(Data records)
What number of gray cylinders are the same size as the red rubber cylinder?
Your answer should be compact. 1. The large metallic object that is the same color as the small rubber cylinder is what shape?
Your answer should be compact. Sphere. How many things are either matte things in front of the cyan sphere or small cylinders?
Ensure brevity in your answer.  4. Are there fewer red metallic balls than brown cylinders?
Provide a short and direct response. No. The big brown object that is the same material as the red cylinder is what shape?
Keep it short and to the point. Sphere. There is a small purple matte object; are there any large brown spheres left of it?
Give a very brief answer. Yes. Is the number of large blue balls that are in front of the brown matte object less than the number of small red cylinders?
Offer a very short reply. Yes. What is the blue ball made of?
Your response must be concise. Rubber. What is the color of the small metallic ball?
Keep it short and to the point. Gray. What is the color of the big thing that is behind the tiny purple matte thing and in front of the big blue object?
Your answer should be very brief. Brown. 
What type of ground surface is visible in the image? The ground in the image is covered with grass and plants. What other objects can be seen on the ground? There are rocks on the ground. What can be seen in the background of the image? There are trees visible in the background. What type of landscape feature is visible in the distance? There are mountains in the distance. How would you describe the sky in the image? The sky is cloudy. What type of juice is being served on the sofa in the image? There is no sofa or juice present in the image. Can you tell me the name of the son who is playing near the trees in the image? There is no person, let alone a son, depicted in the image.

==

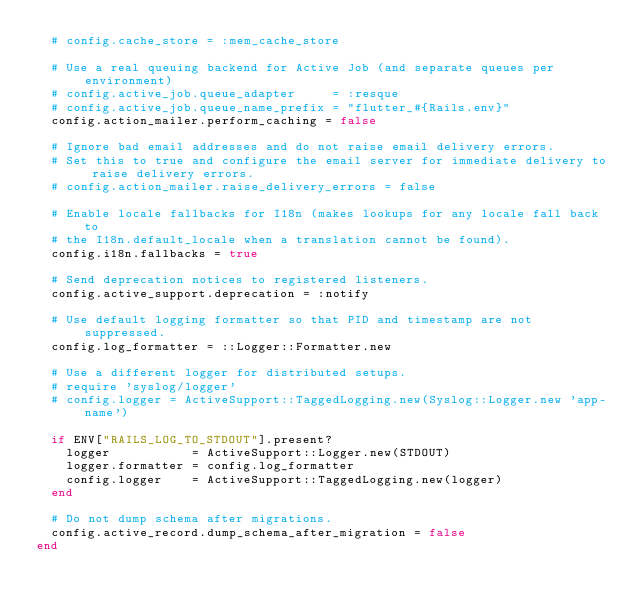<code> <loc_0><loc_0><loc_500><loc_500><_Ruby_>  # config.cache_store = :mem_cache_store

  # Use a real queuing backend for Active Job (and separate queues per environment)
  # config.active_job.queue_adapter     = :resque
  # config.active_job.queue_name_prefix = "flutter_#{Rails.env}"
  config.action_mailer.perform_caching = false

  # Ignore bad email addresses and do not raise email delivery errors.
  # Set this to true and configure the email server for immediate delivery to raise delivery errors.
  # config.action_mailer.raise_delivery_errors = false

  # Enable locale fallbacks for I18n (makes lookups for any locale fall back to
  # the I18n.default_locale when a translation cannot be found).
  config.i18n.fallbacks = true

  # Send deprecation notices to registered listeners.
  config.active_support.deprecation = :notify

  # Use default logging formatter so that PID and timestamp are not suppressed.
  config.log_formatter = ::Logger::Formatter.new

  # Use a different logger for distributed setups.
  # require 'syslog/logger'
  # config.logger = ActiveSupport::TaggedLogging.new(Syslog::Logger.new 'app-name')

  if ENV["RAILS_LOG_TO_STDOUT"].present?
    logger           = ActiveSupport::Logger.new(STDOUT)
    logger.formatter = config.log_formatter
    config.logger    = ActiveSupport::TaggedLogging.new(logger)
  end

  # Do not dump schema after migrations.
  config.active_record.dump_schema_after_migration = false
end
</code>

--

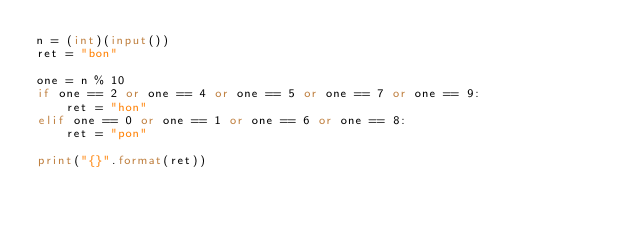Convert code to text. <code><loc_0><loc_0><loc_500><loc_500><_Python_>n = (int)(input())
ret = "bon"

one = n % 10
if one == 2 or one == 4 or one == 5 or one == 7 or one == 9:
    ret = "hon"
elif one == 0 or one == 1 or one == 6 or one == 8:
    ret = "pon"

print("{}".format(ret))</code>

Exercise goal = Reproduce exactly the lines above from the line with "# Ignore bad" to the line with "config.i18n.fallbacks = true", including both, and add nothing.

Solution for this problem =
  # Ignore bad email addresses and do not raise email delivery errors.
  # Set this to true and configure the email server for immediate delivery to raise delivery errors.
  # config.action_mailer.raise_delivery_errors = false

  # Enable locale fallbacks for I18n (makes lookups for any locale fall back to
  # the I18n.default_locale when a translation cannot be found).
  config.i18n.fallbacks = true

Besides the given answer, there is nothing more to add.